Must Art and Commerce Clash?

In his study “Revisiting the Creative/Commercial Clash”, James Paul Roberts investigates the traditional narrative of the struggle between art and commerce in television production. While he does draw a distinction between creative and non-creative roles within the production process, he finds that the interaction between them does not conform to the usual picture. “Decision-making was not characterized as the clash of two very divergent agendas, but rather the more subtle interplay of mutually influential factors dictated by a generally realistic view of what television drama is there to do,” he writes (page 771). Creative and non-creative actors (“actors” in the more abstract sense) were found to generally collaborate to produce a product which was both commercially viable and artistically innovative, with creative actors recognizing the importance of budgetary concerns, audience demographics, and so forth, and non-creative actors desiring a unique product with artistic merit to attract audiences and talent. 

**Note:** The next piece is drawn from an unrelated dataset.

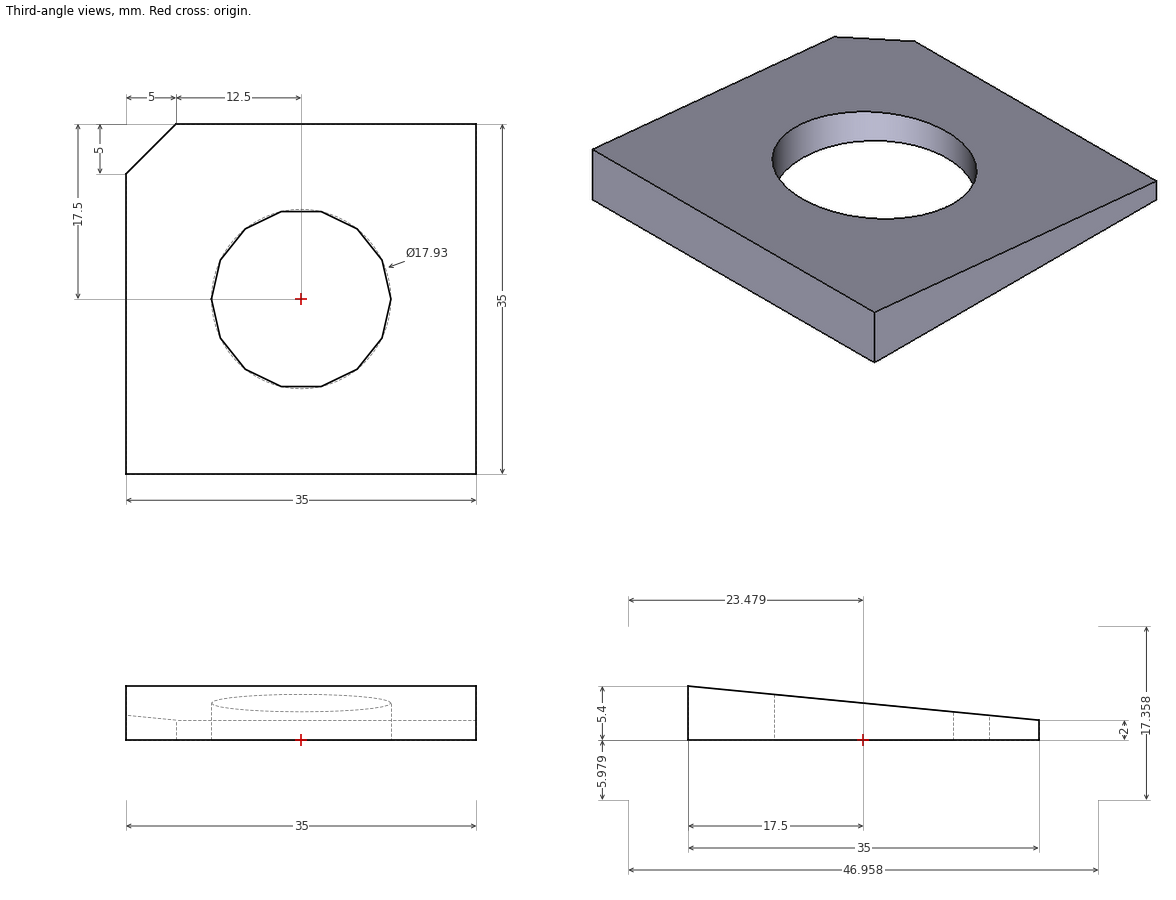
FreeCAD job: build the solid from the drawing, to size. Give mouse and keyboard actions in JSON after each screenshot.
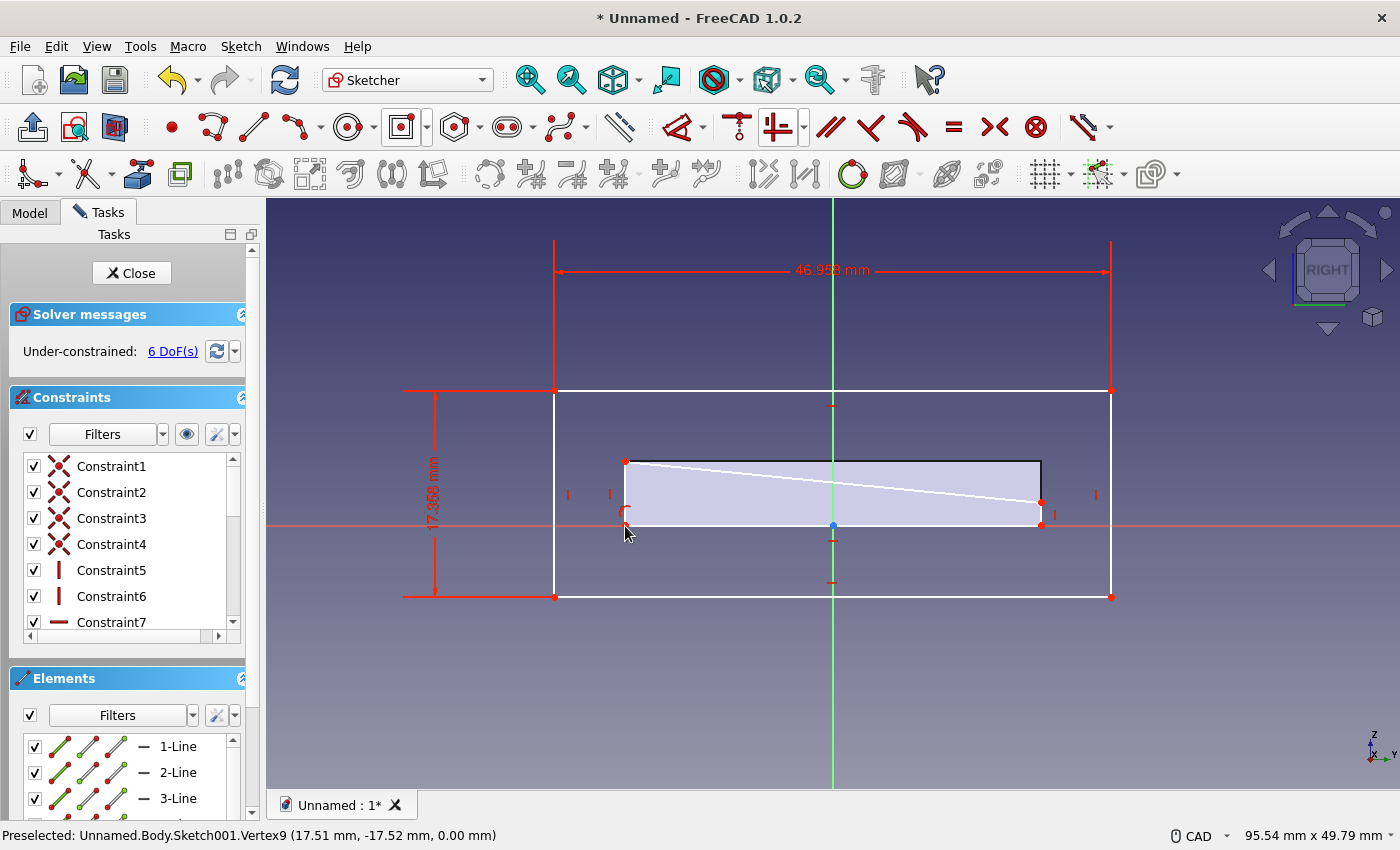
{"action": "scroll", "coordinate": [1041, 512], "scroll_direction": "up", "scroll_amount": 3}

While it is certainly important to question and complicate the traditional narrative of commercial concerns as a burden on artistic expression, I can’t help but feel that perhaps Roberts is understating the degree to which economic needs constrain creative output. While TV executives may certainly give lip service to innovation, I feel this study could have benefitted from a discussion of the cycle of “innovation, imitation, and saturation” which Communication scholars sometimes talk about. Certainly innovative shows do exist, and certainly studios and production companies sometimes take risks on content, but more often it makes more sense for them to follow the trail that others have blazed.